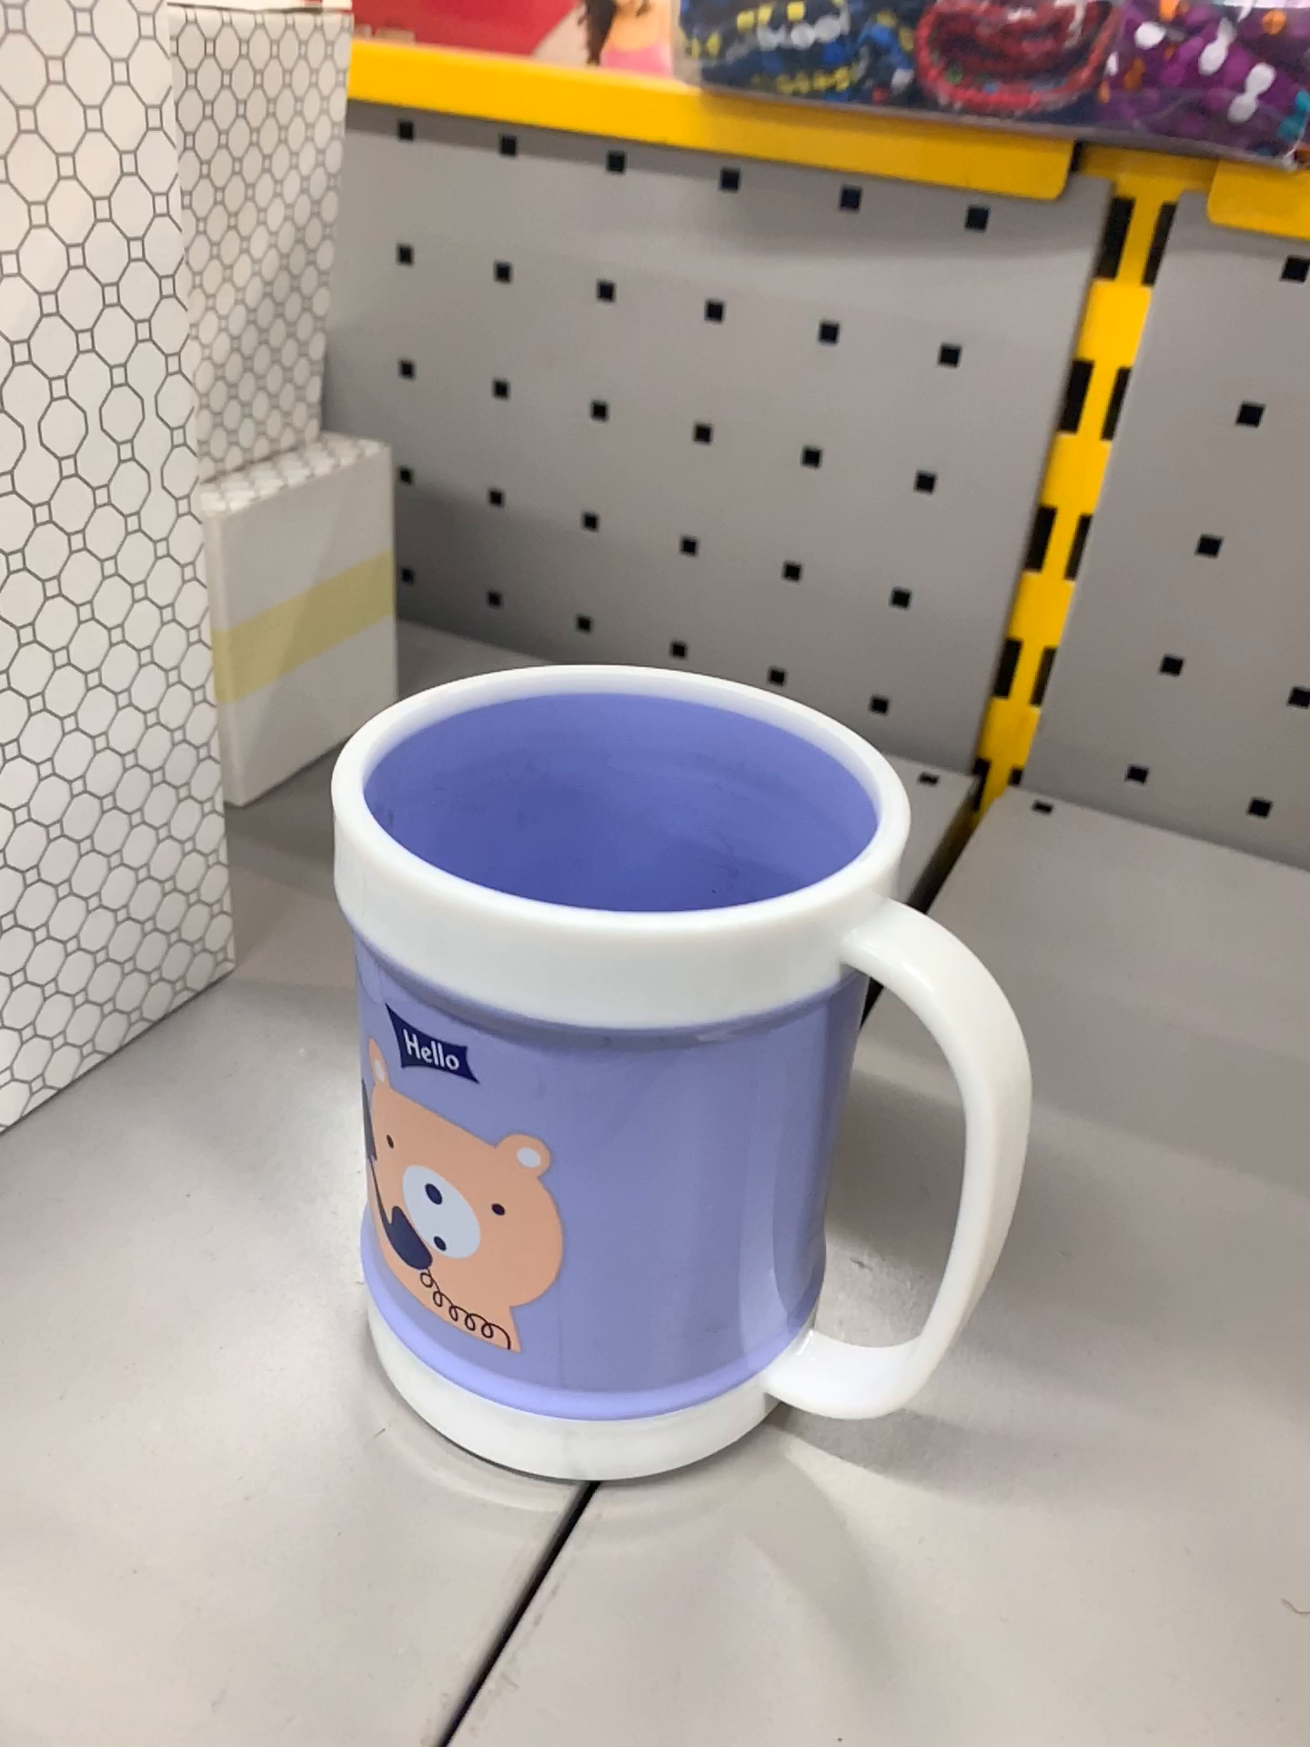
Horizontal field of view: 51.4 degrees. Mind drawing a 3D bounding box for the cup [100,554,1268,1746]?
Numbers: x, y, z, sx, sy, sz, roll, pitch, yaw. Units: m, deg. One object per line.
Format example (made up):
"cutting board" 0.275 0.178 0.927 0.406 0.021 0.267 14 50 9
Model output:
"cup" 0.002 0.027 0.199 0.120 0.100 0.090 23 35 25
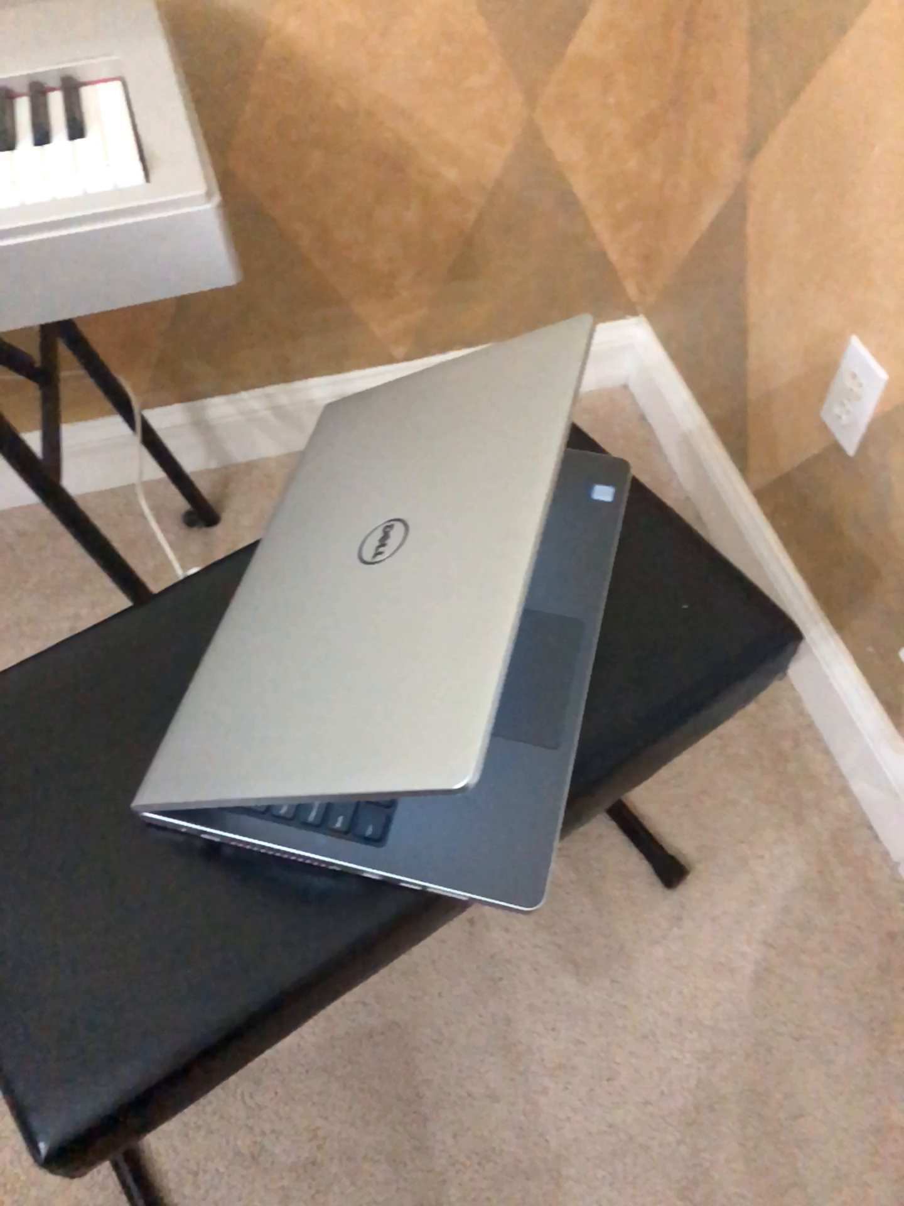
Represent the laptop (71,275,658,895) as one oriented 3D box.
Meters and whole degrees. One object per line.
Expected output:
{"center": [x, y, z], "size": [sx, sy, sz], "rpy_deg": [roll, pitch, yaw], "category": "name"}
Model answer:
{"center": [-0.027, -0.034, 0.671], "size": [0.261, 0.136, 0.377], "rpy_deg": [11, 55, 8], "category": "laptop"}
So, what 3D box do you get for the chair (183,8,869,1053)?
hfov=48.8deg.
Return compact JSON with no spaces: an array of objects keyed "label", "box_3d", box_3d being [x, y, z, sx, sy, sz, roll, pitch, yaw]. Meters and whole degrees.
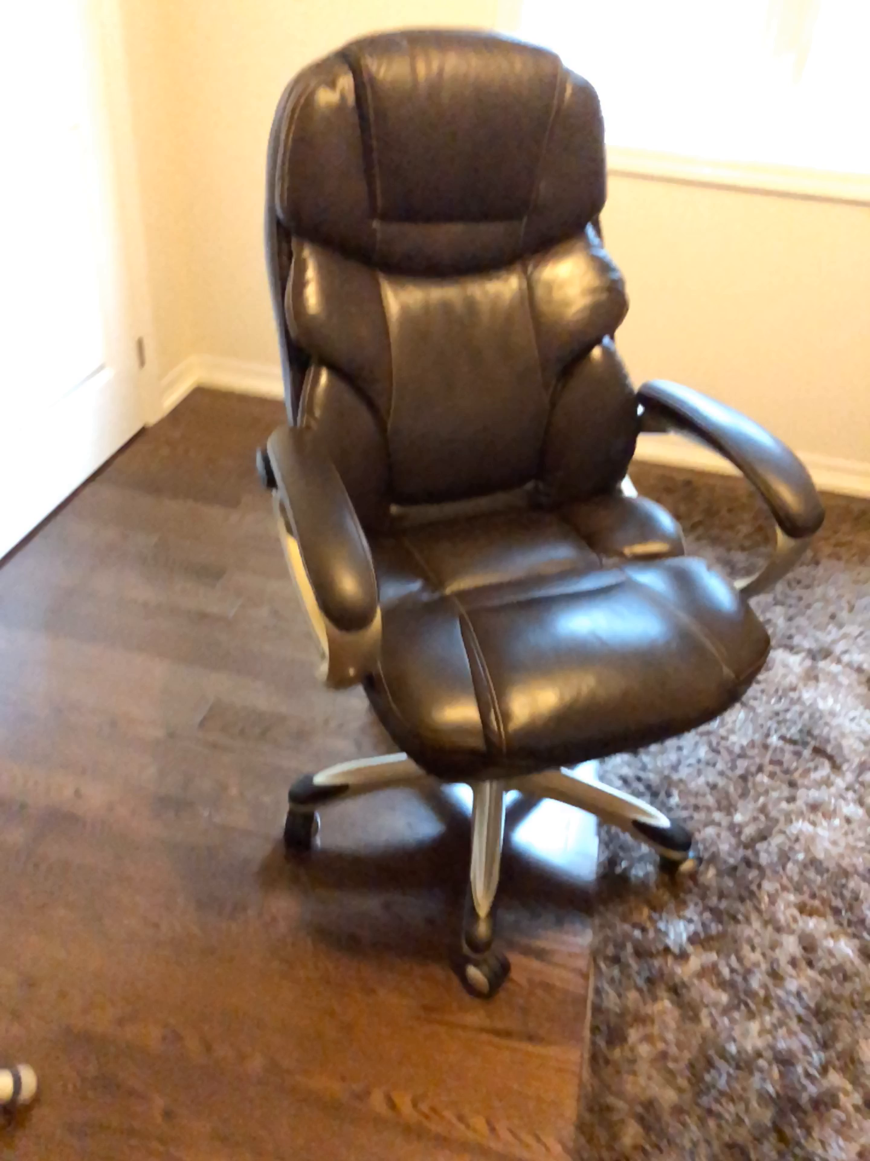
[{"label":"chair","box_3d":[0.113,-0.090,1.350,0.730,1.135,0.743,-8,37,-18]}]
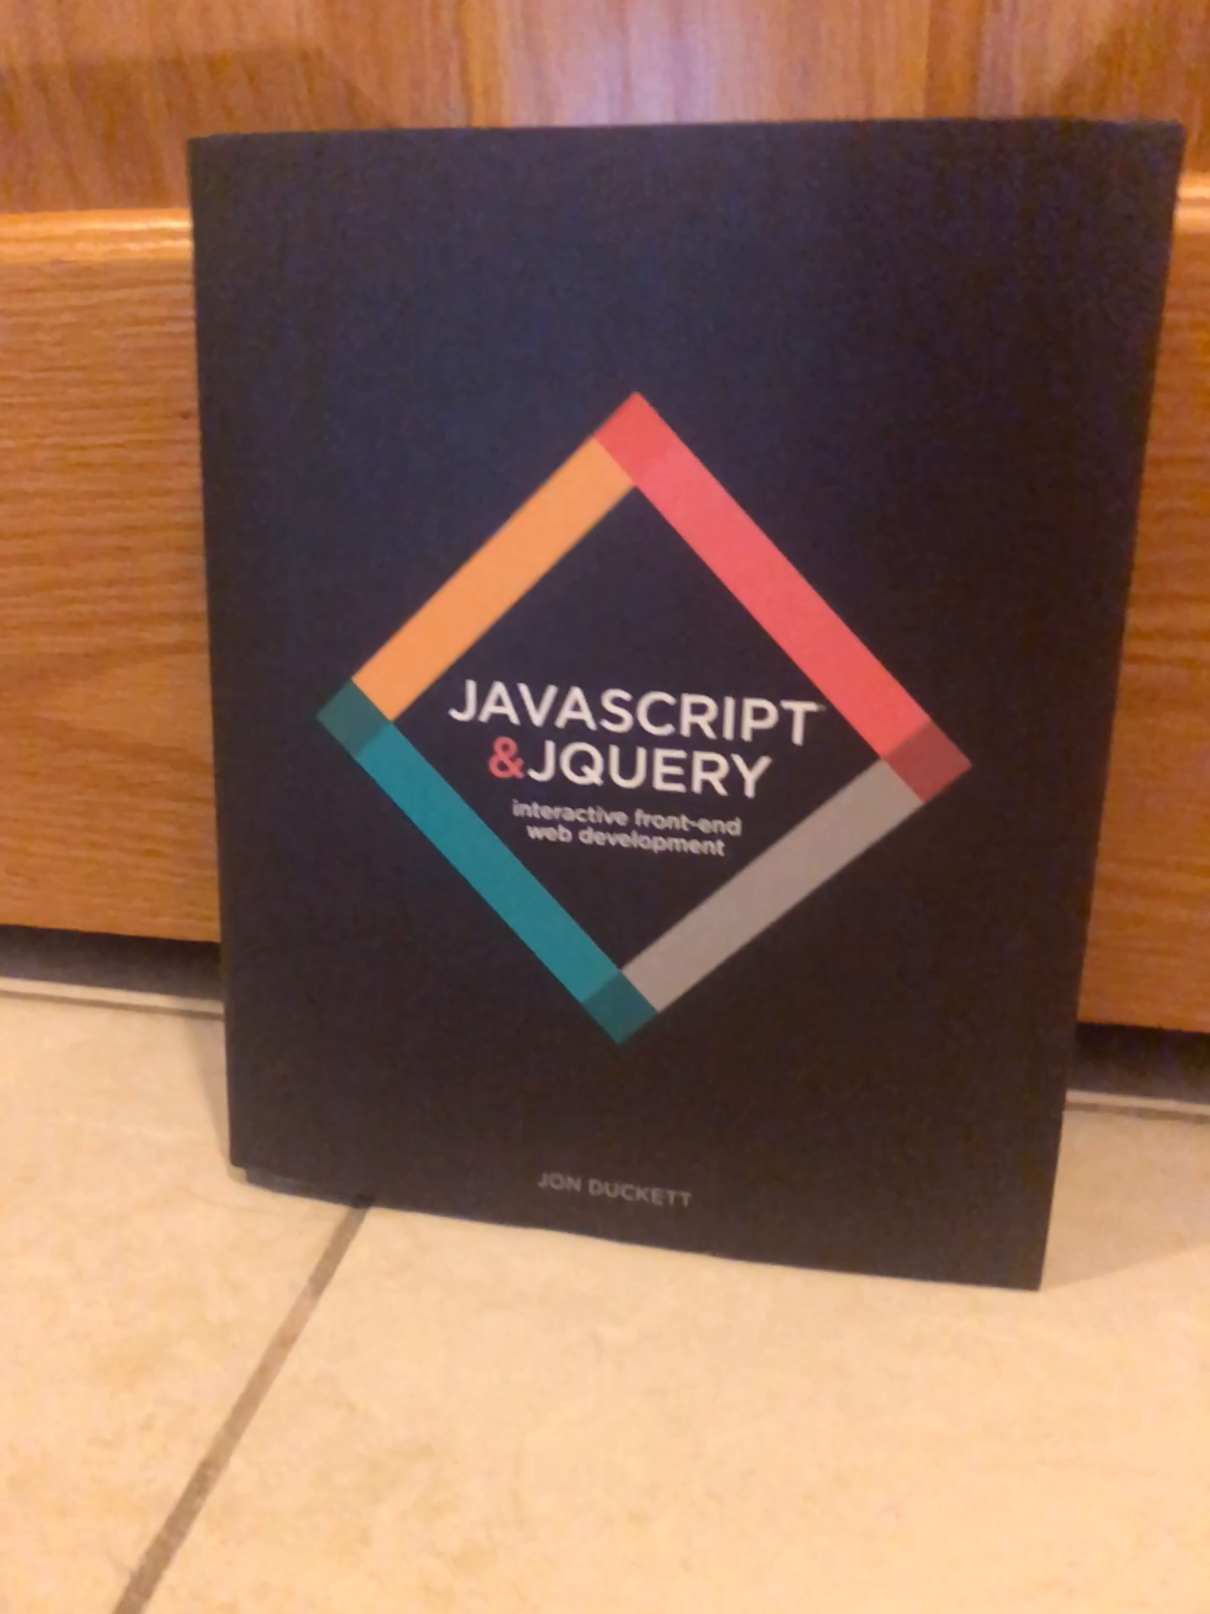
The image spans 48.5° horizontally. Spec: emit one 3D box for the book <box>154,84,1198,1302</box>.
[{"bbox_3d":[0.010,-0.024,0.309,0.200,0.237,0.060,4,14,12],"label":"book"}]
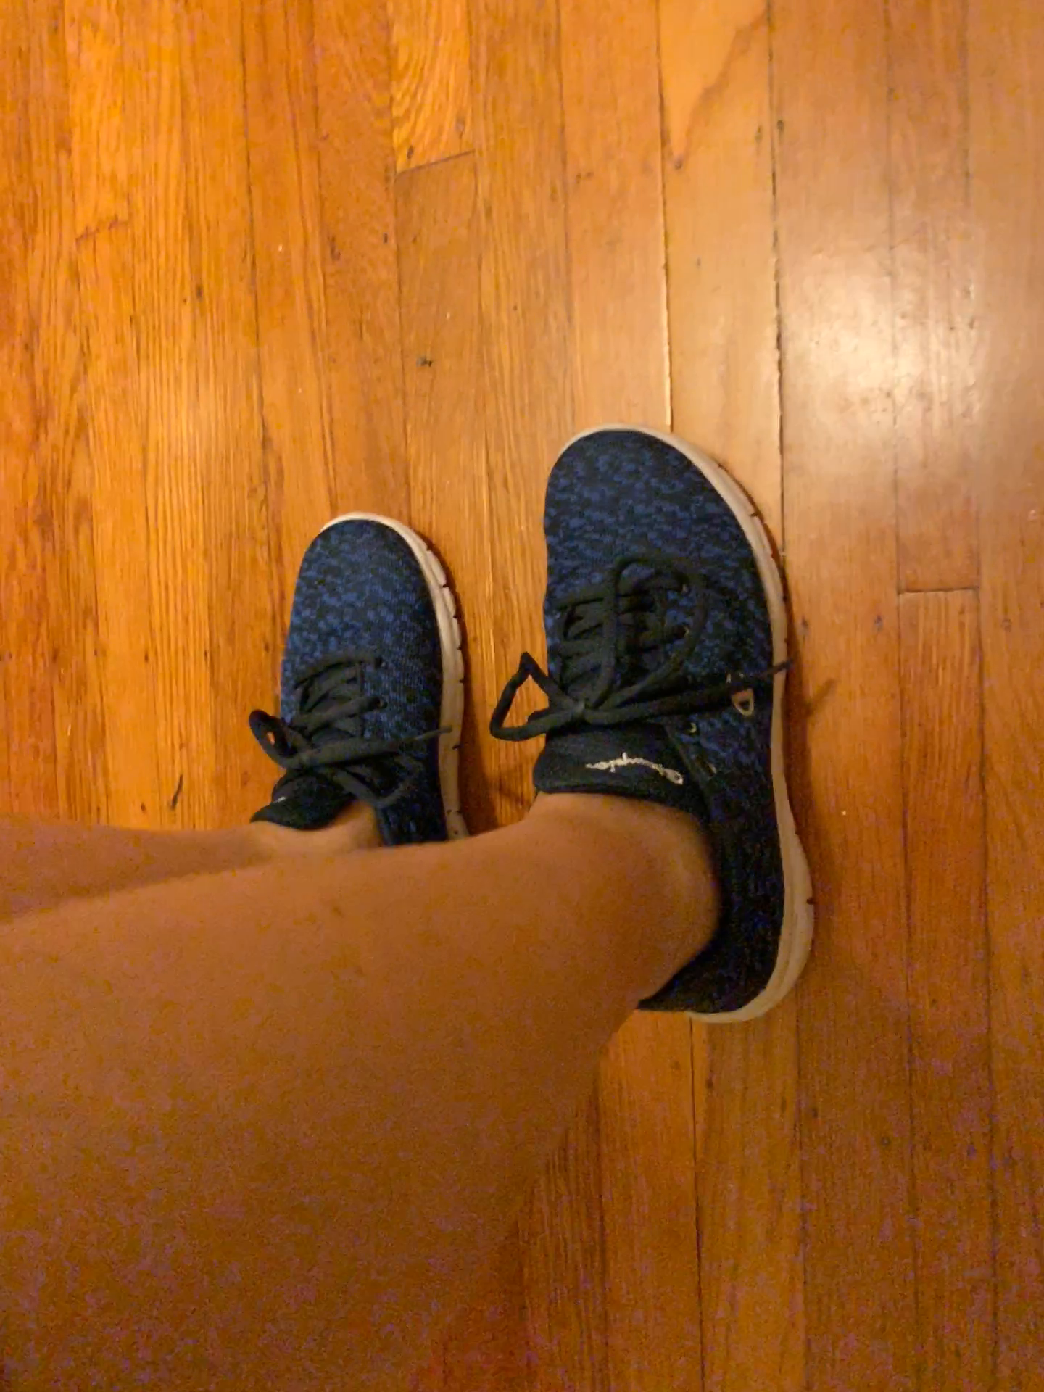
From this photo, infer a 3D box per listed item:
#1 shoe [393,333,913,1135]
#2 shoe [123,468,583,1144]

· · · · ·

→ **Action item**: Every entry above should come back exactly as written, except for its pictures.

→ **Response**:
Horizontal field of view: 51.4 degrees. Mind drawing a 3D bounding box for the cup [100,554,1268,1746]?
Numbers: x, y, z, sx, sy, sz, roll, pitch, yaw. Units: m, deg. One object per line.
Format example (made up):
"cutting board" 0.275 0.178 0.927 0.406 0.021 0.267 14 50 9
Model output:
"cup" 0.002 0.027 0.199 0.120 0.100 0.090 23 35 25
Represent the laptop (71,275,658,895) as one oriented 3D box.
Meters and whole degrees. One object per line.
Expected output:
{"center": [x, y, z], "size": [sx, sy, sz], "rpy_deg": [roll, pitch, yaw], "category": "name"}
Model answer:
{"center": [-0.027, -0.034, 0.671], "size": [0.261, 0.136, 0.377], "rpy_deg": [11, 55, 8], "category": "laptop"}
So, what 3D box do you get for the chair (183,8,869,1053)?
hfov=48.8deg.
Return compact JSON with no spaces: an array of objects keyed "label", "box_3d", box_3d being [x, y, z, sx, sy, sz, roll, pitch, yaw]. Meters and whole degrees.
[{"label":"chair","box_3d":[0.113,-0.090,1.350,0.730,1.135,0.743,-8,37,-18]}]
The image spans 48.5° horizontally. Spec: emit one 3D box for the book <box>154,84,1198,1302</box>.
[{"bbox_3d":[0.010,-0.024,0.309,0.200,0.237,0.060,4,14,12],"label":"book"}]
From this photo, infer a 3D box per listed item:
#1 shoe [393,333,913,1135]
#2 shoe [123,468,583,1144]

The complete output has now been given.